Given data:
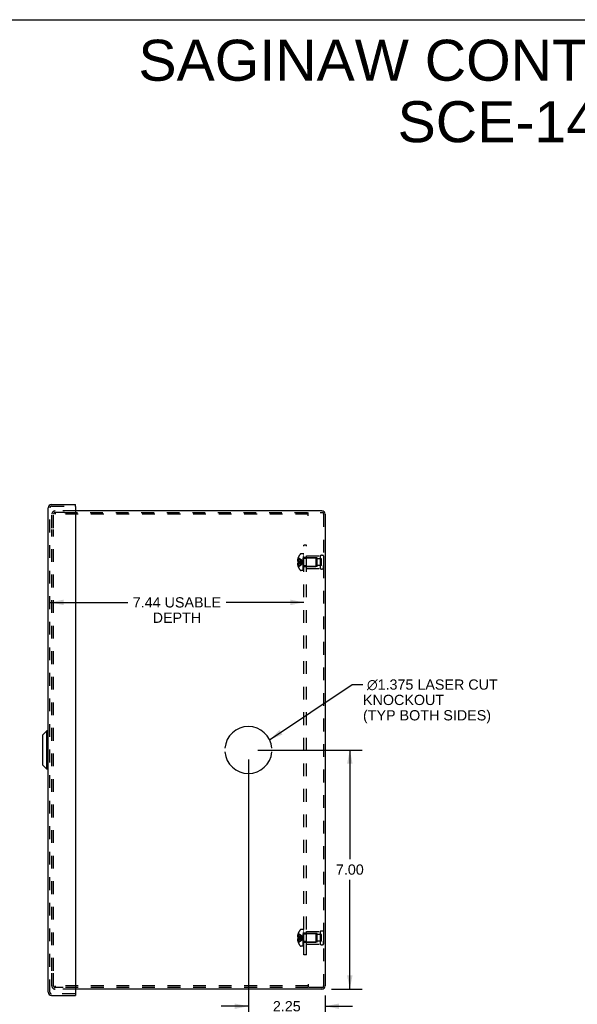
# Model space of a CAD drawing. Header units: inches. Extents: x 0 to 68, y 0 to 44.
# Tile 12 of 13: x 33.6 to 49.9, y 15.2 to 44. Entities that reach past the tile are written whole.
import ezdxf

# ---------------------------------------------------------------- set-up
doc = ezdxf.new("R2010")
doc.units = ezdxf.units.IN
doc.header["$LTSCALE"] = 3.74
doc.header["$MEASUREMENT"] = 0
doc.linetypes.add('HIDDEN', pattern=[0.2, 0.1, -0.1])
doc.layers.get('0').update_dxf_attribs({"linetype": 'CONTINUOUS'})
for name, color, linetype in [('DEFAULT_2', 8, 'HIDDEN'), ('DIMENSIONS', 7, 'CONTINUOUS'), ('DOOR_ASSEMBLY', 7, 'CONTINUOUS'), ('OPEN', 7, 'CONTINUOUS'), ('SUBPANEL', 7, 'CONTINUOUS')]:
    doc.layers.add(name, color=color, linetype=linetype)
doc.styles.get("Standard").update_dxf_attribs({"font": 'arial.ttf'})
doc.dimstyles.new('DIMSTYLE_1', dxfattribs={"dimtxt": 0.3, "dimasz": 0.4, "dimexe": 0.09, "dimexo": 0.07, "dimgap": 0.0375, "dimtad": 0, "dimtih": 1, "dimtoh": 1, "dimzin": 4, "dimdsep": 46, "dimtxsty": 'Standard', "dimblk": '_FILLED', "dimblk1": '_FILLED', "dimblk2": '_FILLED', "dimcen": 0.09, "dimadec": 3, "dimazin": 1, "dimtfac": 1, "dimtdec": 3, "dimtofl": 0, "dimtmove": 0, "dimatfit": 3, "dimldrblk": '_FILLED', "dimfxl": 0, "dimtolj": 1, "dimtzin": 4, "dimarcsym": 0})
doc.dimstyles.get("Standard").update_dxf_attribs({"dimtxt": 0.34, "dimasz": 0.4, "dimexe": 0.09, "dimexo": 0.07, "dimgap": 0.09, "dimtad": 0, "dimtih": 1, "dimtoh": 1, "dimdec": 3, "dimzin": 4, "dimdsep": 46, "dimtxsty": 'Standard', "dimblk": '_FILLED', "dimblk1": '_FILLED', "dimblk2": '_FILLED', "dimcen": 0.09, "dimadec": 3, "dimazin": 1, "dimtp": 0.001, "dimtm": 0.001, "dimtfac": 1, "dimtdec": 3, "dimtofl": 0, "dimtmove": 0, "dimatfit": 3, "dimldrblk": '_FILLED', "dimfxl": 0, "dimtolj": 1, "dimtzin": 4, "dimarcsym": 0})

# ---------------------------------------------------------------- blocks, each defined once
blk = doc.blocks.new('_FILLED')
at = {"color": 0, "linetype": 'ByBlock'}
blk.add_solid([(0, 0), (-1, 0.2), (-1, -0.2)], dxfattribs=at)
blk = doc.blocks.new('*D15')
at = {"layer": 'DIMENSIONS', "color": 2, "linetype": 'Continuous'}
for p, q in [((34.472, 26.941), (36.749, 26.941)), ((41.908, 26.941), (39.631, 26.941))]:
    blk.add_line(p, q, dxfattribs=at)
at = {"layer": 'DIMENSIONS', "color": 2, "linetype": 'Continuous', "xscale": 0.4, "yscale": 0.4, "zscale": 0.4, "rotation": 180}
blk.add_blockref('_FILLED', (34.472, 26.941), dxfattribs=at)
at = {"layer": 'DIMENSIONS', "color": 2, "linetype": 'Continuous', "xscale": 0.4, "yscale": 0.4, "zscale": 0.4}
blk.add_blockref('_FILLED', (41.908, 26.941), dxfattribs=at)
at = {"layer": 'DIMENSIONS', "color": 2, "linetype": 'Continuous', "insert": (38.19, 27.091), "char_height": 0.3, "width": 2.58178, "attachment_point": 2, "line_spacing_factor": 0.9}
blk.add_mtext('7.44 USABLE\\PDEPTH', dxfattribs=at)
blk = doc.blocks.new('*D20')
at = {"layer": 'DIMENSIONS', "color": 2, "linetype": 'Continuous'}
for p, q in [((40.561, 22.618), (43.611, 22.618)), ((43.251, 22.618), (43.251, 19.418)), ((43.251, 15.618), (43.251, 18.818)), ((42.716, 15.618), (43.611, 15.618))]:
    blk.add_line(p, q, dxfattribs=at)
at = {"layer": 'DIMENSIONS', "color": 2, "linetype": 'Continuous', "xscale": 0.4, "yscale": 0.4, "zscale": 0.4}
for p, rotation in [((43.251, 22.618), 90), ((43.251, 15.618), 270)]:
    blk.add_blockref('_FILLED', p, dxfattribs=dict(at, rotation=rotation))
at = {"layer": 'DIMENSIONS', "color": 2, "linetype": 'Continuous', "insert": (43.251, 19.268), "char_height": 0.3, "width": 0.81524, "attachment_point": 2, "line_spacing_factor": 0.9}
blk.add_mtext('7.00', dxfattribs=at)
blk = doc.blocks.new('*D21')
at = {"layer": 'DIMENSIONS', "color": 2, "linetype": 'Continuous'}
for p, q in [((40.281, 22.338), (40.281, 14.757)), ((42.531, 15.433), (42.531, 14.757)), ((40.281, 15.117), (39.481, 15.117)), ((42.531, 15.117), (43.331, 15.117))]:
    blk.add_line(p, q, dxfattribs=at)
at = {"layer": 'DIMENSIONS', "color": 2, "linetype": 'Continuous', "xscale": 0.4, "yscale": 0.4, "zscale": 0.4}
blk.add_blockref('_FILLED', (40.281, 15.117), dxfattribs=at)
at = {"layer": 'DIMENSIONS', "color": 2, "linetype": 'Continuous', "xscale": 0.4, "yscale": 0.4, "zscale": 0.4, "rotation": 180}
blk.add_blockref('_FILLED', (42.531, 15.117), dxfattribs=at)
at = {"layer": 'DIMENSIONS', "color": 2, "linetype": 'Continuous', "insert": (41.406, 15.267), "char_height": 0.3, "width": 0.81524, "attachment_point": 2, "line_spacing_factor": 0.9}
blk.add_mtext('2.25', dxfattribs=at)

msp = doc.modelspace()

# ---------------------------------------------------------------- linework, layer by layer
at = {"color": 7, "linetype": 'Continuous'}
msp.add_line((0, 44), (68, 44), dxfattribs=at)
at = {"color": 3, "linetype": 'Continuous'}
for p, q in [((42.436, 29.618), (35.222, 29.618)), ((42.531, 29.523), (42.531, 15.713)), ((42.436, 15.618), (35.222, 15.618))]:
    msp.add_line(p, q, dxfattribs=at)
for centre, start, end in [((42.436, 29.523), 0, 90), ((42.436, 15.713), 270, 360)]:
    msp.add_arc(centre, 0.0948, start, end, dxfattribs=at)
at = {"layer": 'DEFAULT_2', "color": 8, "linetype": 'HIDDEN'}
for p, q in [((34.531, 29.118), (34.531, 29.523)), ((34.579, 29.118), (34.579, 29.523)), ((35.222, 29.618), (34.626, 29.618)), ((34.904, 29.57), (34.626, 29.57)), ((34.629, 29.57), (34.629, 29.522)), ((42.031, 29.522), (34.629, 29.522)), ((34.904, 29.57), (42.436, 29.57)), ((42.031, 29.475), (42.031, 29.57)), ((42.483, 29.523), (42.483, 15.713)), ((34.531, 16.158), (34.531, 29.078)), ((34.579, 16.158), (34.579, 29.078)), ((41.742, 28.258), (41.742, 28.259)), ((41.742, 28.257), (41.742, 28.258)), ((41.742, 28.257), (41.742, 28.136)), ((41.888, 28.364), (41.827, 28.364)), ((41.888, 27.872), (41.888, 28.364)), ((41.893, 27.872), (41.893, 28.361)), ((41.908, 28.361), (41.893, 28.361)), ((41.908, 28.326), (41.893, 28.326)), ((41.908, 28.319), (41.893, 28.319)), ((41.908, 28.297), (41.893, 28.297)), ((41.908, 28.256), (41.893, 28.256)), ((41.908, 27.872), (41.908, 28.361)), ((41.983, 27.93), (41.983, 28.306)), ((41.983, 28.306), (42.383, 28.306)), ((42.383, 28.306), (42.383, 27.93)), ((42.483, 28.306), (42.483, 28.218)), ((42.483, 28.306), (42.483, 27.93)), ((41.742, 28.168), (41.72, 28.168)), ((41.742, 28.068), (41.72, 28.068)), ((41.742, 28.223), (41.729, 28.223)), ((41.742, 28.136), (41.729, 28.136)), ((41.742, 28.1), (41.729, 28.1)), ((41.742, 28.014), (41.729, 28.014)), ((41.742, 28.136), (41.742, 28.136)), ((41.742, 28.136), (41.771, 28.133)), ((41.742, 28.1), (41.742, 27.979)), ((41.742, 28.1), (41.742, 28.1)), ((41.742, 27.979), (41.742, 27.978)), ((41.742, 27.978), (41.742, 27.978)), ((41.771, 28.133), (41.799, 28.131)), ((41.878, 28.115), (41.903, 28.118)), ((41.878, 28.115), (41.903, 28.118)), ((41.908, 28.242), (41.893, 28.242)), ((41.908, 28.165), (41.893, 28.165)), ((41.908, 28.164), (41.893, 28.164)), ((41.908, 28.031), (41.893, 28.031)), ((41.908, 28.024), (41.893, 28.024)), ((41.908, 27.963), (41.893, 27.963)), ((41.925, 28.242), (42.253, 28.242)), ((41.925, 27.994), (42.253, 27.994)), ((42.295, 28.243), (41.983, 28.243)), ((42.295, 27.993), (41.983, 27.993)), ((42.253, 28.242), (42.253, 27.994)), ((42.263, 28.232), (42.253, 28.242)), ((42.263, 28.004), (42.253, 27.994)), ((42.263, 28.004), (42.263, 28.232)), ((42.295, 27.993), (42.295, 28.243)), ((42.42, 28.22), (42.295, 28.22)), ((42.42, 28.017), (42.295, 28.017)), ((42.42, 28.017), (42.42, 28.22)), ((42.483, 27.93), (42.483, 28.018)), ((41.888, 27.872), (41.827, 27.872)), ((41.908, 27.941), (41.893, 27.941)), ((41.908, 27.924), (41.893, 27.924)), ((41.908, 27.888), (41.893, 27.888)), ((41.893, 27.872), (41.908, 27.872)), ((41.983, 27.93), (42.383, 27.93)), ((41.888, 17.364), (41.827, 17.364)), ((41.888, 16.872), (41.888, 17.364)), ((41.908, 17.361), (41.893, 17.361)), ((41.893, 16.872), (41.893, 17.361)), ((41.908, 17.326), (41.893, 17.326)), ((41.908, 17.319), (41.893, 17.319)), ((41.908, 17.297), (41.893, 17.297)), ((41.908, 16.872), (41.908, 17.361)), ((41.983, 17.306), (42.383, 17.306)), ((41.983, 16.93), (41.983, 17.306)), ((42.383, 17.306), (42.383, 16.93)), ((42.483, 17.306), (42.483, 17.218)), ((42.483, 17.306), (42.483, 16.93)), ((41.742, 17.168), (41.72, 17.168)), ((41.742, 17.068), (41.72, 17.068)), ((41.742, 17.223), (41.729, 17.223)), ((41.742, 17.136), (41.729, 17.136)), ((41.742, 17.1), (41.729, 17.1)), ((41.742, 17.014), (41.729, 17.014)), ((41.742, 17.258), (41.742, 17.259)), ((41.742, 17.258), (41.742, 17.257)), ((41.742, 17.257), (41.742, 17.136)), ((41.742, 17.136), (41.742, 17.136)), ((41.742, 17.136), (41.771, 17.133)), ((41.742, 17.1), (41.742, 17.1)), ((41.742, 17.1), (41.742, 16.979)), ((41.771, 17.133), (41.799, 17.131)), ((41.878, 17.115), (41.903, 17.118)), ((41.878, 17.115), (41.903, 17.118)), ((41.908, 17.256), (41.893, 17.256)), ((41.908, 17.242), (41.893, 17.242)), ((41.908, 17.165), (41.893, 17.165)), ((41.908, 17.164), (41.893, 17.164)), ((41.908, 17.031), (41.893, 17.031)), ((41.908, 17.024), (41.893, 17.024)), ((41.925, 17.242), (42.253, 17.242)), ((42.295, 17.243), (41.983, 17.243)), ((42.263, 17.232), (42.253, 17.242)), ((42.253, 17.242), (42.253, 16.994)), ((42.263, 17.004), (42.263, 17.232)), ((42.295, 16.993), (42.295, 17.243)), ((42.42, 17.22), (42.295, 17.22)), ((42.42, 17.017), (42.295, 17.017)), ((42.42, 17.017), (42.42, 17.22)), ((42.483, 16.93), (42.483, 17.018)), ((41.742, 16.979), (41.742, 16.978)), ((41.742, 16.978), (41.742, 16.978)), ((41.888, 16.872), (41.827, 16.872)), ((41.908, 16.963), (41.893, 16.963)), ((41.908, 16.941), (41.893, 16.941)), ((41.908, 16.924), (41.893, 16.924)), ((41.908, 16.888), (41.893, 16.888)), ((41.893, 16.872), (41.908, 16.872)), ((41.925, 16.994), (42.253, 16.994)), ((42.295, 16.993), (41.983, 16.993)), ((41.983, 16.93), (42.383, 16.93)), ((42.263, 17.004), (42.253, 16.994)), ((34.531, 15.713), (34.531, 16.118)), ((34.579, 15.713), (34.579, 16.118)), ((34.647, 15.666), (34.626, 15.666)), ((35.222, 15.618), (34.626, 15.618)), ((42.031, 15.714), (34.629, 15.714)), ((34.629, 15.714), (34.629, 15.666)), ((34.862, 15.666), (34.647, 15.666)), ((42.031, 15.666), (34.862, 15.666)), ((42.031, 15.761), (42.031, 15.666)), ((42.436, 15.666), (42.031, 15.666))]:
    msp.add_line(p, q, dxfattribs=at)
for points in [[(41.742, 28.258), (41.771, 28.239), (41.799, 28.217), (41.826, 28.195), (41.853, 28.171), (41.878, 28.145), (41.903, 28.118)], [(41.729, 28.223), (41.727, 28.215), (41.726, 28.208), (41.724, 28.202), (41.723, 28.195), (41.722, 28.188), (41.721, 28.181), (41.72, 28.174), (41.72, 28.168)], [(41.72, 28.168), (41.72, 28.165), (41.721, 28.162), (41.721, 28.159), (41.722, 28.156), (41.723, 28.153), (41.724, 28.15), (41.725, 28.146), (41.726, 28.143), (41.728, 28.14), (41.729, 28.136)], [(41.729, 28.1), (41.728, 28.096), (41.726, 28.093), (41.725, 28.09), (41.724, 28.086), (41.723, 28.083), (41.722, 28.08), (41.721, 28.077), (41.721, 28.074), (41.72, 28.071), (41.72, 28.068)], [(41.72, 28.068), (41.72, 28.062), (41.721, 28.055), (41.722, 28.048), (41.723, 28.041), (41.724, 28.034), (41.726, 28.028), (41.727, 28.021), (41.729, 28.014)], [(41.742, 28.223), (41.771, 28.208), (41.799, 28.192), (41.826, 28.175), (41.853, 28.157), (41.878, 28.138), (41.903, 28.118)], [(41.742, 28.168), (41.771, 28.161), (41.799, 28.153), (41.826, 28.145), (41.853, 28.137), (41.878, 28.128), (41.903, 28.118)], [(41.742, 28.136), (41.742, 28.133), (41.742, 28.13), (41.742, 28.127), (41.742, 28.124), (41.742, 28.121), (41.742, 28.118)], [(41.742, 28.014), (41.771, 28.028), (41.799, 28.044), (41.826, 28.061), (41.853, 28.079), (41.878, 28.098), (41.903, 28.118)], [(41.742, 27.978), (41.771, 27.997), (41.799, 28.019), (41.826, 28.041), (41.853, 28.065), (41.878, 28.091), (41.903, 28.118)], [(41.742, 28.118), (41.742, 28.115), (41.742, 28.112), (41.742, 28.109), (41.742, 28.106), (41.742, 28.103), (41.742, 28.1)], [(41.742, 28.068), (41.771, 28.075), (41.799, 28.083), (41.826, 28.091), (41.853, 28.099), (41.878, 28.108), (41.903, 28.118)], [(41.742, 28.1), (41.771, 28.103), (41.799, 28.105), (41.826, 28.108), (41.853, 28.111), (41.878, 28.115)], [(41.742, 28.1), (41.771, 28.103), (41.799, 28.105), (41.826, 28.108), (41.853, 28.111)], [(41.799, 28.131), (41.826, 28.128), (41.853, 28.125), (41.878, 28.121), (41.903, 28.118)], [(41.826, 28.128), (41.853, 28.125), (41.878, 28.121), (41.903, 28.118)], [(41.729, 17.223), (41.727, 17.215), (41.726, 17.208), (41.724, 17.202), (41.723, 17.195), (41.722, 17.188), (41.721, 17.181), (41.72, 17.174), (41.72, 17.168)], [(41.72, 17.168), (41.72, 17.165), (41.721, 17.162), (41.721, 17.159), (41.722, 17.156), (41.723, 17.153), (41.724, 17.15), (41.725, 17.146), (41.726, 17.143), (41.728, 17.14), (41.729, 17.136)], [(41.729, 17.1), (41.728, 17.096), (41.726, 17.093), (41.725, 17.09), (41.724, 17.086), (41.723, 17.083), (41.722, 17.08), (41.721, 17.077), (41.721, 17.074), (41.72, 17.071), (41.72, 17.068)], [(41.72, 17.068), (41.72, 17.062), (41.721, 17.055), (41.722, 17.048), (41.723, 17.041), (41.724, 17.034), (41.726, 17.028), (41.727, 17.021), (41.729, 17.014)], [(41.742, 17.258), (41.771, 17.239), (41.799, 17.217), (41.826, 17.195), (41.853, 17.171), (41.878, 17.145), (41.903, 17.118)], [(41.742, 17.223), (41.771, 17.208), (41.799, 17.192), (41.826, 17.175), (41.853, 17.157), (41.878, 17.138), (41.903, 17.118)], [(41.742, 17.168), (41.771, 17.161), (41.799, 17.153), (41.826, 17.145), (41.853, 17.137), (41.878, 17.128), (41.903, 17.118)], [(41.742, 17.118), (41.742, 17.121), (41.742, 17.124), (41.742, 17.127), (41.742, 17.13), (41.742, 17.133), (41.742, 17.136)], [(41.742, 17.068), (41.771, 17.075), (41.799, 17.083), (41.826, 17.091), (41.853, 17.099), (41.878, 17.108), (41.903, 17.118)], [(41.742, 17.1), (41.742, 17.103), (41.742, 17.106), (41.742, 17.109), (41.742, 17.112), (41.742, 17.115), (41.742, 17.118)], [(41.742, 16.978), (41.771, 16.997), (41.799, 17.019), (41.826, 17.041), (41.853, 17.065), (41.878, 17.091), (41.903, 17.118)], [(41.742, 17.014), (41.771, 17.028), (41.799, 17.044), (41.826, 17.061), (41.853, 17.079), (41.878, 17.098), (41.903, 17.118)], [(41.742, 17.1), (41.771, 17.103), (41.799, 17.105), (41.826, 17.108), (41.853, 17.111), (41.878, 17.115)], [(41.742, 17.1), (41.771, 17.103), (41.799, 17.105), (41.826, 17.108), (41.853, 17.111)], [(41.799, 17.131), (41.826, 17.128), (41.853, 17.125), (41.878, 17.121), (41.903, 17.118)], [(41.826, 17.128), (41.853, 17.125), (41.878, 17.121), (41.903, 17.118)]]:
    msp.add_lwpolyline(points, dxfattribs=at)
for centre, radius, start, end in [((34.626, 29.523), 0.0948, 90, 180), ((34.626, 29.523), 0.0468, 90, 180), ((42.436, 29.523), 0.0468, 0, 90), ((42.07, 28.118), 0.357, 156.9983, 162.9593), ((42.07, 28.118), 0.357, 139.0666, 156.8097), ((41.827, 28.329), 0.035, 90, 139.0666), ((41.925, 28.279), 0.0372, 180, 210.0497), ((42.433, 28.219), 0.1, 60.0508, 119.9492), ((42.07, 28.118), 0.357, 197.0407, 203.0017), ((42.07, 28.118), 0.357, 203.1903, 220.9334), ((41.925, 27.957), 0.0372, 149.9503, 180), ((41.925, 28.279), 0.0372, 242.4601, 270), ((41.925, 27.957), 0.0372, 90, 117.5399), ((41.827, 27.907), 0.035, 220.9334, 270), ((42.433, 28.017), 0.1, 240.0508, 299.9492), ((42.07, 17.118), 0.357, 139.0666, 156.8097), ((41.827, 17.329), 0.035, 90, 139.0666), ((42.433, 17.219), 0.1, 60.0508, 119.9492), ((42.07, 17.118), 0.357, 156.9983, 162.9593), ((42.07, 17.118), 0.357, 197.0407, 203.0017), ((41.925, 17.279), 0.0372, 180, 210.0497), ((41.925, 17.279), 0.0372, 242.4601, 270), ((42.07, 17.118), 0.357, 203.1903, 220.9334), ((41.827, 16.907), 0.035, 220.9334, 270), ((41.925, 16.957), 0.0372, 149.9503, 180), ((41.925, 16.957), 0.0372, 90, 117.5399), ((42.433, 17.017), 0.1, 240.0508, 299.9492), ((34.626, 15.713), 0.0948, 180, 270), ((34.626, 15.713), 0.0468, 180, 270), ((42.436, 15.713), 0.0468, 270, 360)]:
    msp.add_arc(centre, radius, start, end, dxfattribs=at)
at = {"layer": 'DOOR_ASSEMBLY', "color": 3, "linetype": 'Continuous'}
for p, q in [((34.424, 15.525), (34.424, 29.711)), ((34.519, 29.806), (35.222, 29.806)), ((35.222, 29.743), (35.222, 15.494)), ((34.519, 15.431), (35.222, 15.431))]:
    msp.add_line(p, q, dxfattribs=at)
at = {"layer": 'DOOR_ASSEMBLY', "color": 8, "linetype": 'HIDDEN'}
for p, q in [((34.472, 15.525), (34.472, 29.711)), ((34.519, 29.758), (35.207, 29.758)), ((35.207, 15.479), (34.519, 15.479))]:
    msp.add_line(p, q, dxfattribs=at)
at = {"layer": 'DOOR_ASSEMBLY', "color": 7, "linetype": 'Continuous'}
for p, q in [((35.222, 29.758), (35.207, 29.758)), ((35.222, 29.758), (35.222, 29.806)), ((34.268, 23.063), (34.386, 23.181)), ((34.268, 22.174), (34.268, 23.063)), ((34.386, 22.056), (34.386, 23.181)), ((34.424, 23.181), (34.386, 23.181)), ((34.268, 22.174), (34.386, 22.056)), ((34.424, 22.056), (34.386, 22.056)), ((35.207, 15.479), (35.222, 15.479)), ((35.222, 15.479), (35.222, 15.431))]:
    msp.add_line(p, q, dxfattribs=at)
at = {"layer": 'DOOR_ASSEMBLY', "color": 3, "linetype": 'Continuous'}
for centre, radius, start, end in [((34.519, 29.711), 0.0948, 90, 180), ((35.207, 29.743), 0.015, 0, 90), ((34.519, 15.525), 0.0948, 180, 270), ((35.207, 15.494), 0.015, 270, 360)]:
    msp.add_arc(centre, radius, start, end, dxfattribs=at)
at = {"layer": 'DOOR_ASSEMBLY', "color": 8, "linetype": 'HIDDEN'}
for centre, start, end in [((34.519, 29.711), 90, 180), ((34.519, 15.525), 180, 270)]:
    msp.add_arc(centre, 0.0468, start, end, dxfattribs=at)
at = {"layer": 'OPEN', "color": 40, "linetype": 'Continuous'}
for start, end in [(4.5886, 175.4114), (184.5886, 355.4114)]:
    msp.add_arc((40.281, 22.618), 0.688, start, end, dxfattribs=at)
at = {"layer": 'SUBPANEL', "color": 8, "linetype": 'HIDDEN'}
for p, q in [((41.908, 16.618), (41.908, 28.618)), ((41.983, 28.618), (41.908, 28.618)), ((41.983, 16.618), (41.983, 28.618)), ((41.983, 28.259), (41.908, 28.259)), ((41.983, 28.227), (41.908, 28.227)), ((41.983, 28.009), (41.908, 28.009)), ((41.983, 27.978), (41.908, 27.978)), ((41.983, 17.259), (41.908, 17.259)), ((41.983, 17.227), (41.908, 17.227)), ((41.983, 17.009), (41.908, 17.009)), ((41.983, 16.978), (41.908, 16.978)), ((41.983, 16.618), (41.908, 16.618))]:
    msp.add_line(p, q, dxfattribs=at)

# ---------------------------------------------------------------- texts
at = {"layer": 'DIMENSIONS', "color": 2, "linetype": 'Continuous', "line_spacing_factor": 0.9}
for s, insert, char_height, width, attachment_point in [('SAGINAW CONTROL & ENGINEERING\\PSCE-14N1208NKLP', (52.243, 43.413), 1.2, 30.30781, 2), (' \\fgdt;{\\fgdt;n}\\fArial;1.375 LASER CUT\\PKNOCKOUT\\P(TYP BOTH SIDES)', (43.636, 24.685), 0.3, 4.02788, 1)]:
    msp.add_mtext(s, dxfattribs=dict(at, insert=insert, char_height=char_height, width=width, attachment_point=attachment_point))

# ---------------------------------------------------------------- dimensions: what is measured, and where the dimension line sits
at = {"layer": 'DIMENSIONS', "color": 2, "linetype": 'Continuous'}
dim = msp.add_linear_dim(base=(34.472, 26.941), p1=(41.908, 28.368), p2=(34.472, 29.758), angle=180, text='<> USABLE\\PDEPTH', dimstyle='DIMSTYLE_1', dxfattribs=at)
dim.commit()
dim.dimension.update_dxf_attribs({"geometry": '*D15', "text_midpoint": (38.19, 26.716), "dimtype": 160})
for base, p1, p2, angle, picture, middle in [((43.251, 22.618), (42.646, 15.618), (40.491, 22.618), 90, '*D20', (43.252, 19.116)), ((40.281, 15.117), (42.531, 14.687), (40.281, 22.408), 180, '*D21', (41.403, 15.115))]:
    dim = msp.add_linear_dim(base=base, p1=p1, p2=p2, angle=angle, dimstyle='DIMSTYLE_1', dxfattribs=at)
    dim.commit()
    dim.dimension.update_dxf_attribs({"geometry": picture, "text_midpoint": middle, "dimtype": 160})

# ---------------------------------------------------------------- leaders
at = {"layer": 'DIMENSIONS', "color": 2, "linetype": 'Continuous', "annotation_type": 0, "has_hookline": 1, "hookline_direction": 1, "text_width": 3.858}
msp.add_leader([(40.901, 22.916), (43.318, 24.535), (43.636, 24.535)], dimstyle='Standard', override={"dimtad": 0}, dxfattribs=at)

doc.saveas('drawing.dxf')

Action item:
Filter the entries down to the lines with the word "geometry" in them, and copy those lines.

Task response:
dim.dimension.update_dxf_attribs({"geometry": '*D15', "text_midpoint": (38.19, 26.716), "dimtype": 160})
    dim.dimension.update_dxf_attribs({"geometry": picture, "text_midpoint": middle, "dimtype": 160})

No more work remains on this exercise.